[Exercise] Look through the data below and show every line that includes "width".

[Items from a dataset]

┌────────

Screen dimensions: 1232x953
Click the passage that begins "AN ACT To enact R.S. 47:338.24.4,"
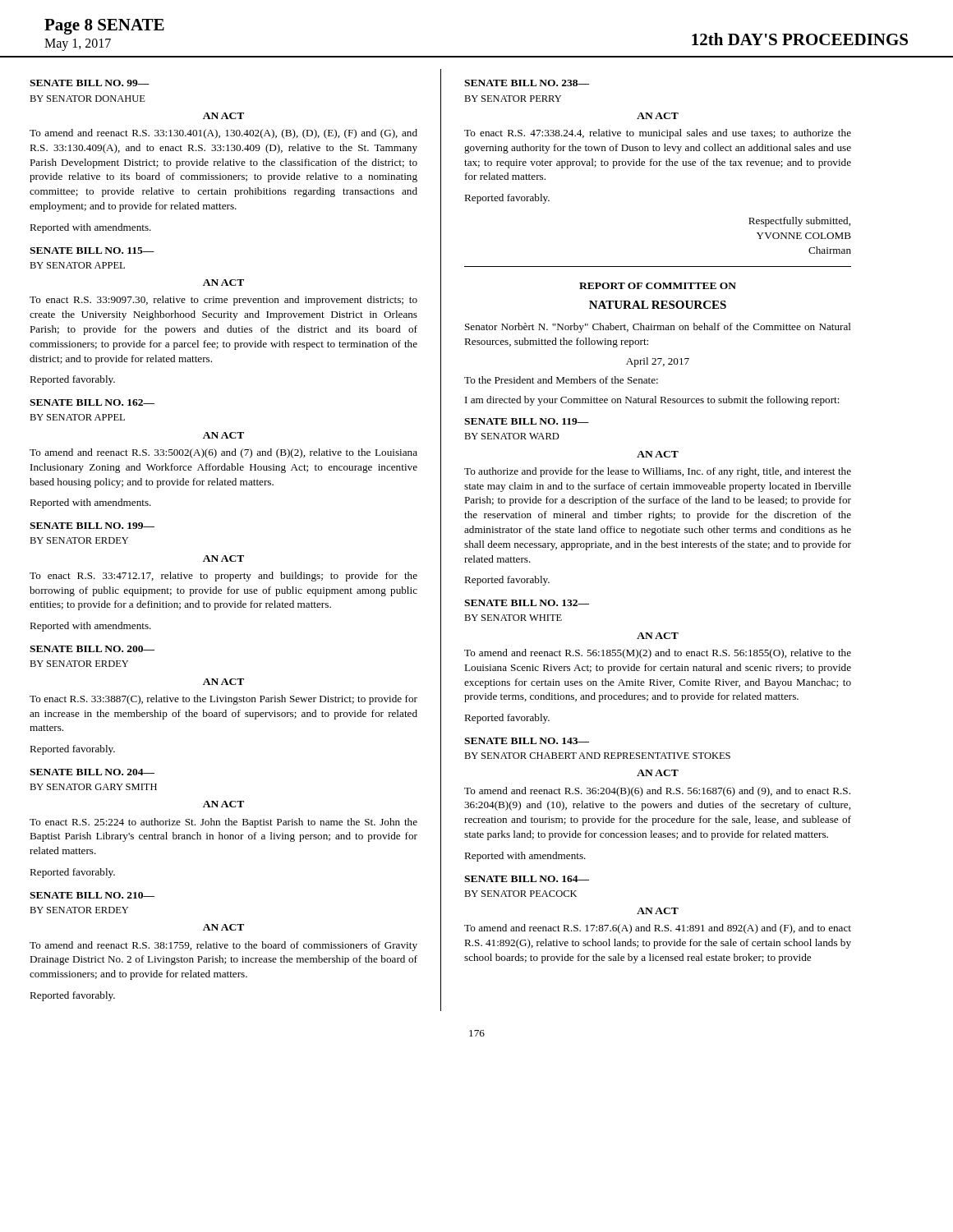click(x=658, y=145)
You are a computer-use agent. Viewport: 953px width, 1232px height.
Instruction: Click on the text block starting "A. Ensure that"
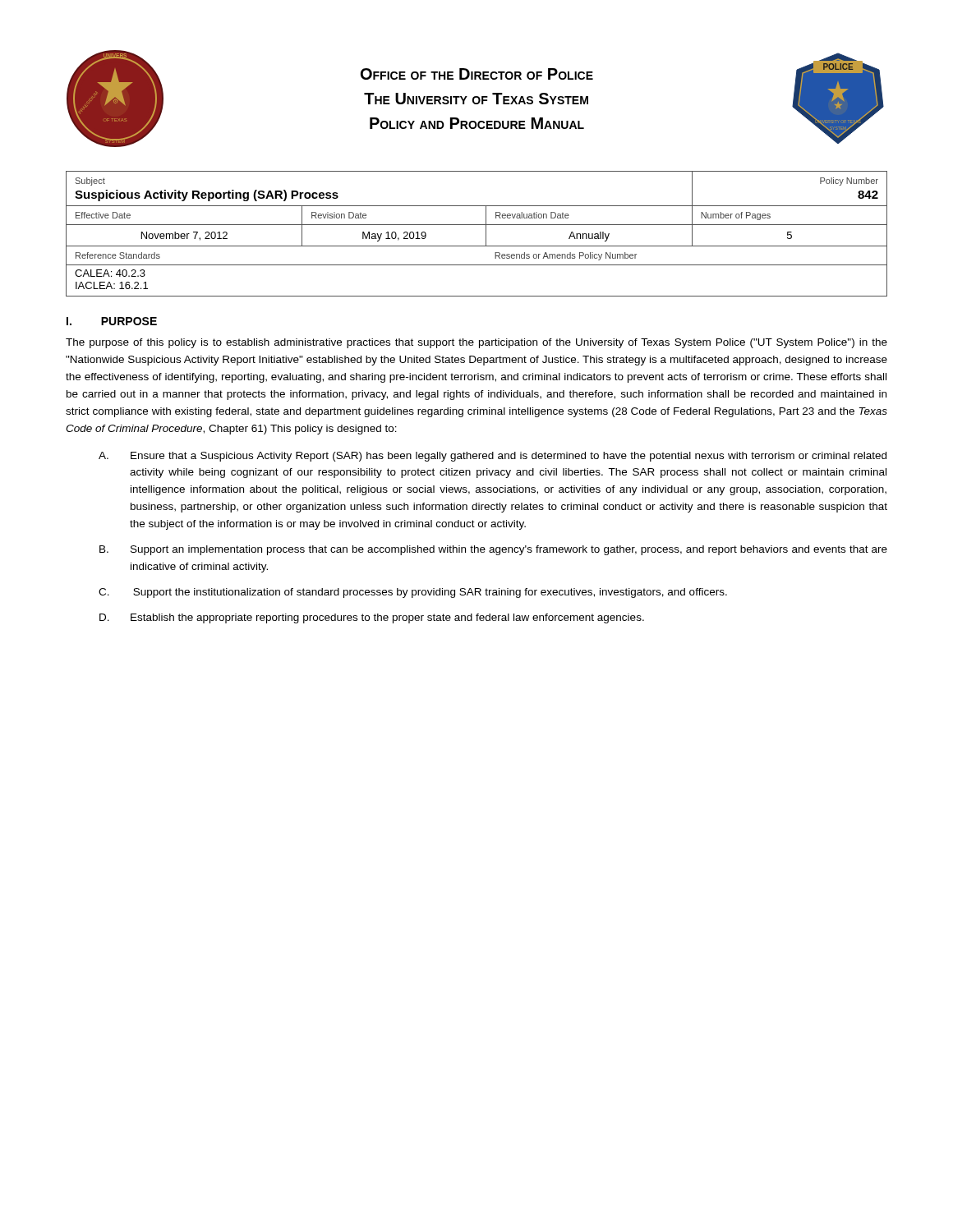(x=493, y=490)
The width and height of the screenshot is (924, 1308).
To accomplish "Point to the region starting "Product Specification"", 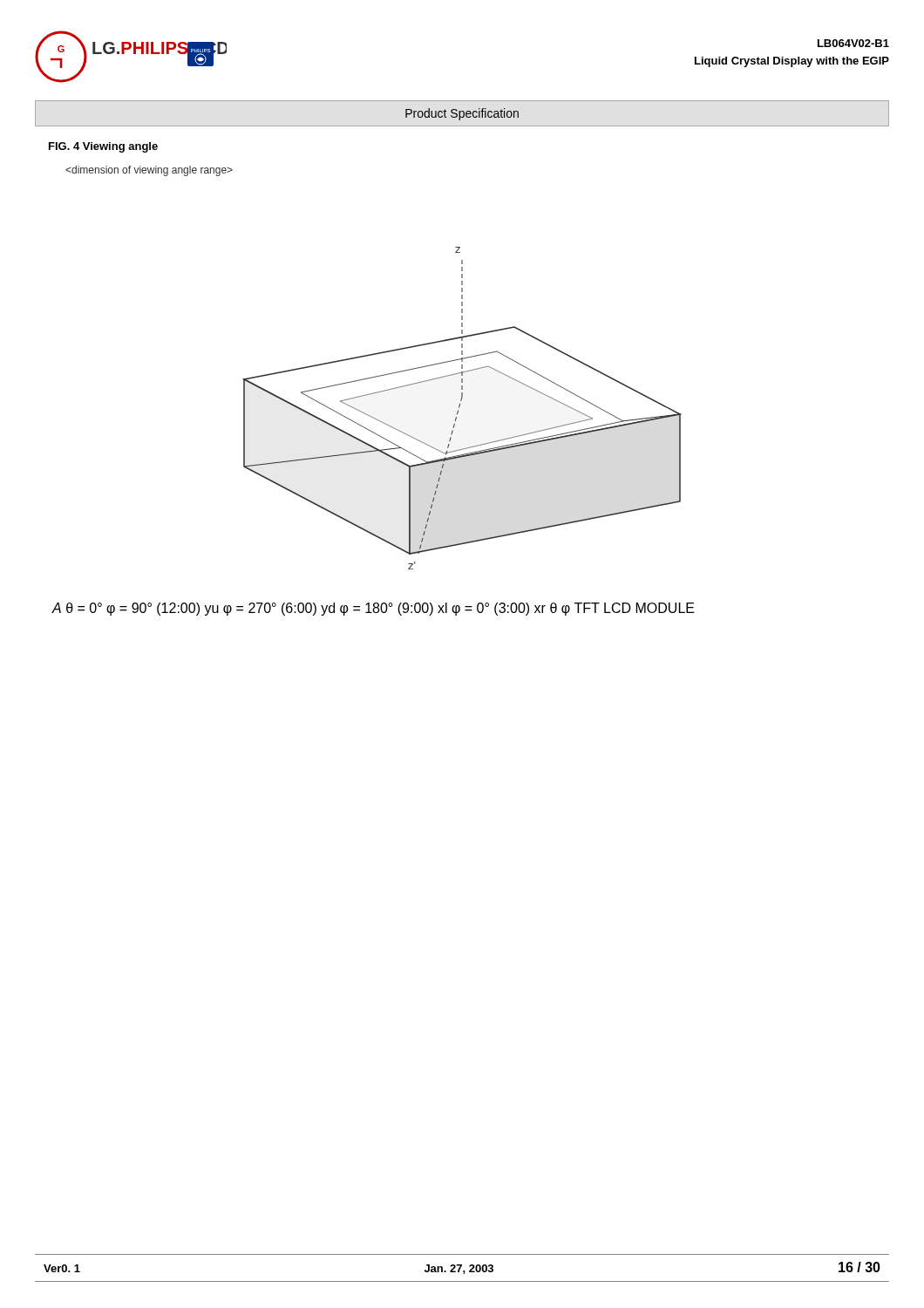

└────────

[Task output]
You are a computer-use agent. Viewport: 953px width, 1232px height.
The width and height of the screenshot is (924, 1308).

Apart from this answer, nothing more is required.